Items listed in a dataset
--------------------------------------------------
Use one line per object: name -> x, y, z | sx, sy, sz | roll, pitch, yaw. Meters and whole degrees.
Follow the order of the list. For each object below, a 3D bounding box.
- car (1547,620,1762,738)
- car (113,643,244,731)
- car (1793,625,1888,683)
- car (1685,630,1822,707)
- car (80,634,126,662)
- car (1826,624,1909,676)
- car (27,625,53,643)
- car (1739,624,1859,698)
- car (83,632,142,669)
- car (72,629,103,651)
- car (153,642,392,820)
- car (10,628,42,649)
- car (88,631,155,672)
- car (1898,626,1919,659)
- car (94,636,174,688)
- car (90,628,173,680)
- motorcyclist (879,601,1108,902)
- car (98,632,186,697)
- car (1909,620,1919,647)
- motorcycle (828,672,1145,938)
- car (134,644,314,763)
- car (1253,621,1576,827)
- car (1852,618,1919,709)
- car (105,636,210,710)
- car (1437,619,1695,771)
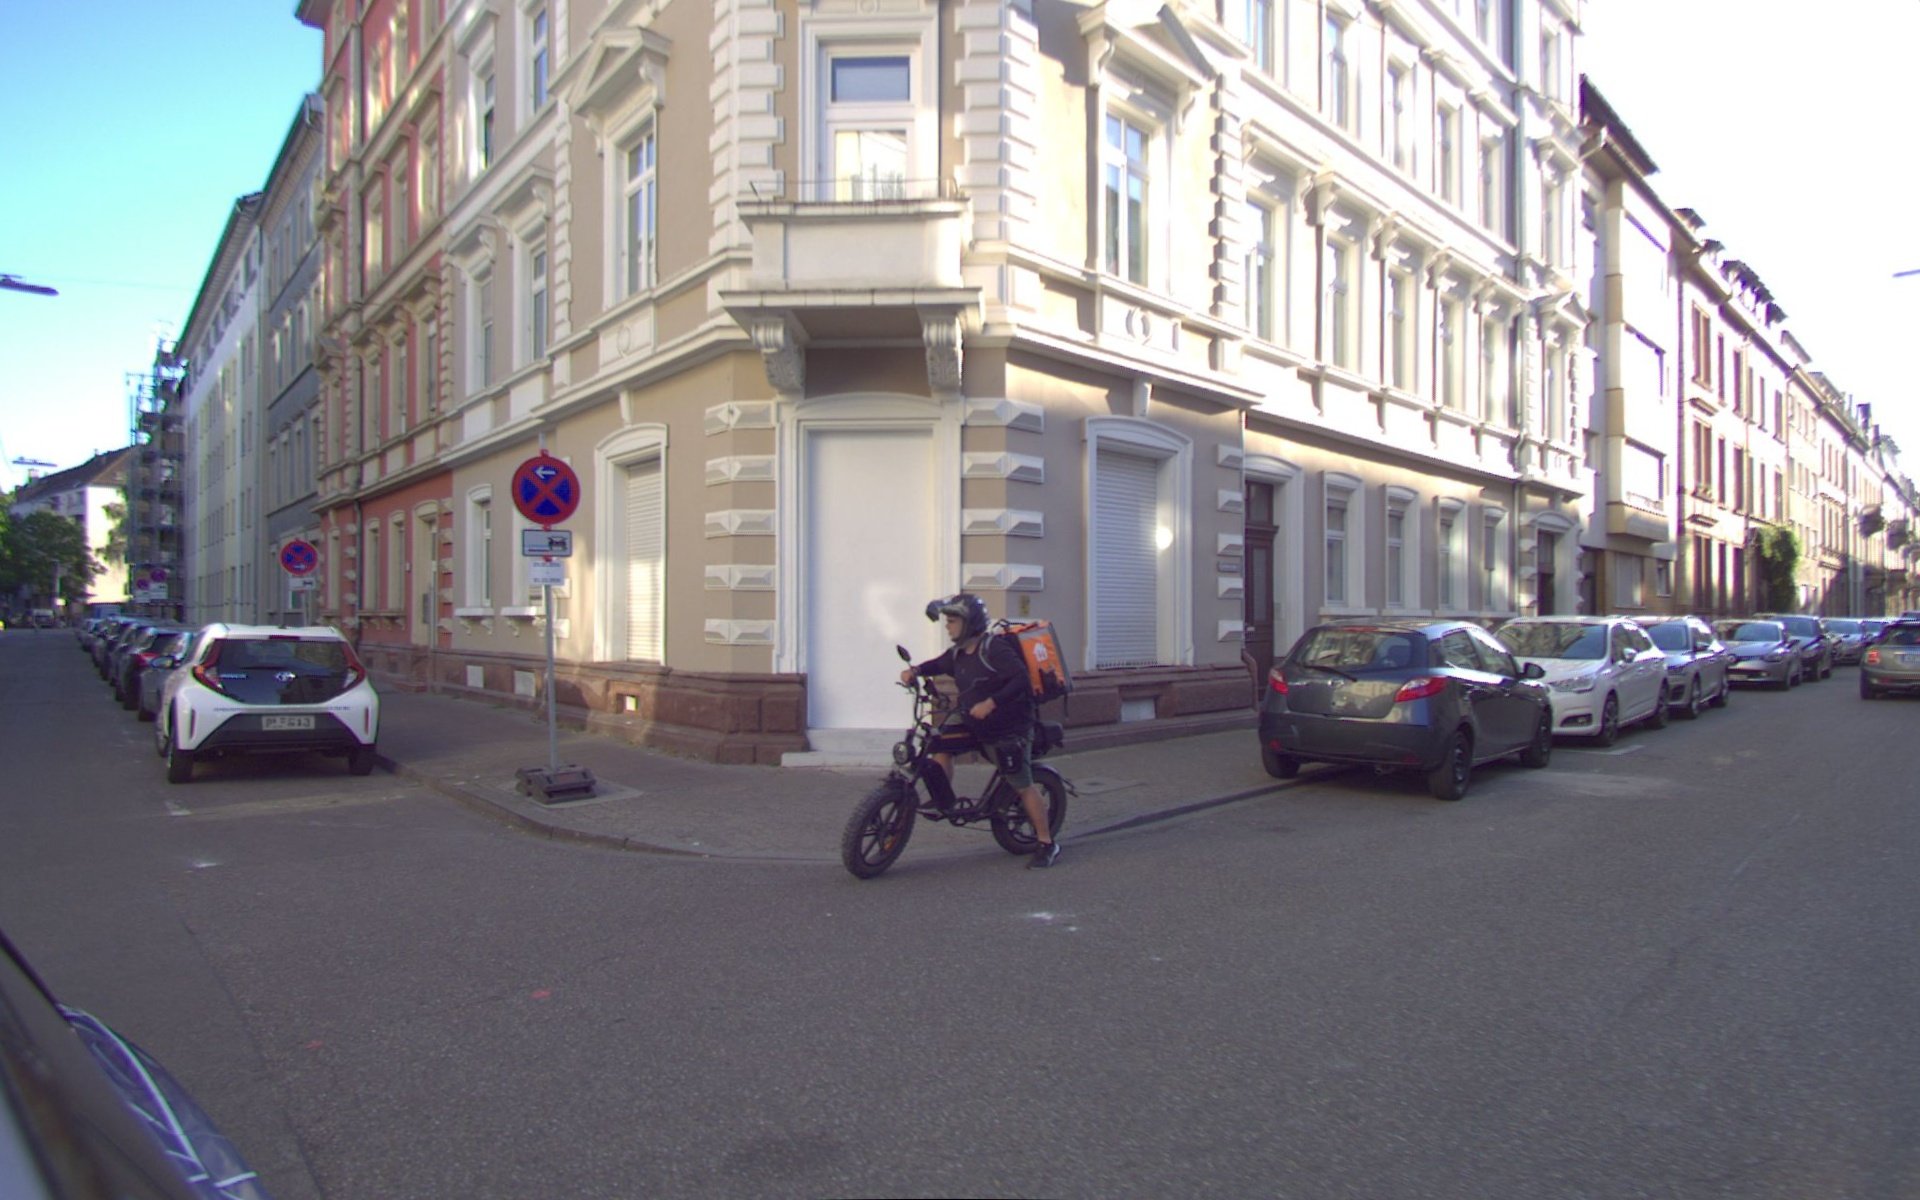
car -> 10.998, 1.126, 15.927 | 4.032, 1.572, 2.011 | 0, -2, -44
car -> -14.473, 1.554, 18.676 | 1.565, 1.426, 3.917 | 6, -5, -41
car -> 26.592, 1.584, 30.529 | 4.033, 1.572, 1.836 | 0, -2, -45
car -> 16.854, 1.385, 21.438 | 3.542, 1.414, 1.836 | 0, -2, -45
car -> -52.133, 2.886, 61.526 | 1.970, 1.597, 4.498 | 0, -1, -43
car -> 30.523, 1.623, 34.002 | 4.033, 1.572, 1.836 | 0, -2, -45
car -> -96.439, 3.532, 106.142 | 1.969, 1.807, 4.005 | 0, -1, -41
car -> 20.438, 1.412, 24.589 | 4.033, 1.572, 1.836 | 0, -2, -45
car -> -38.844, 2.270, 46.329 | 1.969, 1.588, 4.155 | 0, -1, -41
car -> -74.053, 3.369, 85.862 | 1.969, 1.807, 4.005 | 0, -1, -41
car -> -7.531, 1.270, 10.935 | 1.663, 1.507, 3.850 | 5, -5, -40
car -> -80.947, 3.310, 87.748 | 1.969, 1.807, 4.005 | 0, -1, -41
car -> -35.596, 2.134, 42.921 | 1.970, 1.597, 4.498 | 0, -1, -43
car -> 48.390, 2.105, 50.691 | 4.033, 1.572, 1.836 | 0, -2, -45
car -> -25.760, 1.873, 31.519 | 1.638, 1.440, 4.357 | 0, -1, -43
car -> -29.058, 1.836, 35.446 | 1.970, 1.662, 4.498 | 0, -1, -43
motorcyclist -> 0.184, 0.833, 6.070 | 0.982, 1.579, 0.877 | -2, -2, -31
car -> -21.888, 1.660, 27.014 | 1.574, 1.534, 4.435 | 0, -1, -42
car -> 57.464, 1.960, 59.829 | 4.033, 1.572, 1.836 | 0, -2, -45
motorcycle -> 0.169, 1.122, 6.058 | 1.669, 1.259, 0.809 | -2, -2, -31
car -> -10.769, 1.409, 14.703 | 1.590, 1.439, 3.966 | 4, -4, -43
car -> 4.336, 0.965, 9.408 | 1.687, 1.491, 3.539 | -2, -1, 43
car -> 17.640, 1.087, 18.244 | 3.940, 1.497, 2.002 | 0, -2, -44
car -> -18.526, 1.622, 23.289 | 1.515, 1.510, 4.200 | 3, -3, -43
car -> 7.775, 1.051, 12.826 | 4.033, 1.572, 1.836 | 0, -2, -45
--------------------------------------------------
> _Exercise directions_: All lines from the start of the entries through the line where "- car (105,636,210,710)" sits should be duplicated exactly, with nothing else in the output.

> _The answer_:
Use one line per object: name -> x, y, z | sx, sy, sz | roll, pitch, yaw. Meters and whole degrees.
Follow the order of the list. For each object below, a 3D bounding box.
- car (1547,620,1762,738)
- car (113,643,244,731)
- car (1793,625,1888,683)
- car (1685,630,1822,707)
- car (80,634,126,662)
- car (1826,624,1909,676)
- car (27,625,53,643)
- car (1739,624,1859,698)
- car (83,632,142,669)
- car (72,629,103,651)
- car (153,642,392,820)
- car (10,628,42,649)
- car (88,631,155,672)
- car (1898,626,1919,659)
- car (94,636,174,688)
- car (90,628,173,680)
- motorcyclist (879,601,1108,902)
- car (98,632,186,697)
- car (1909,620,1919,647)
- motorcycle (828,672,1145,938)
- car (134,644,314,763)
- car (1253,621,1576,827)
- car (1852,618,1919,709)
- car (105,636,210,710)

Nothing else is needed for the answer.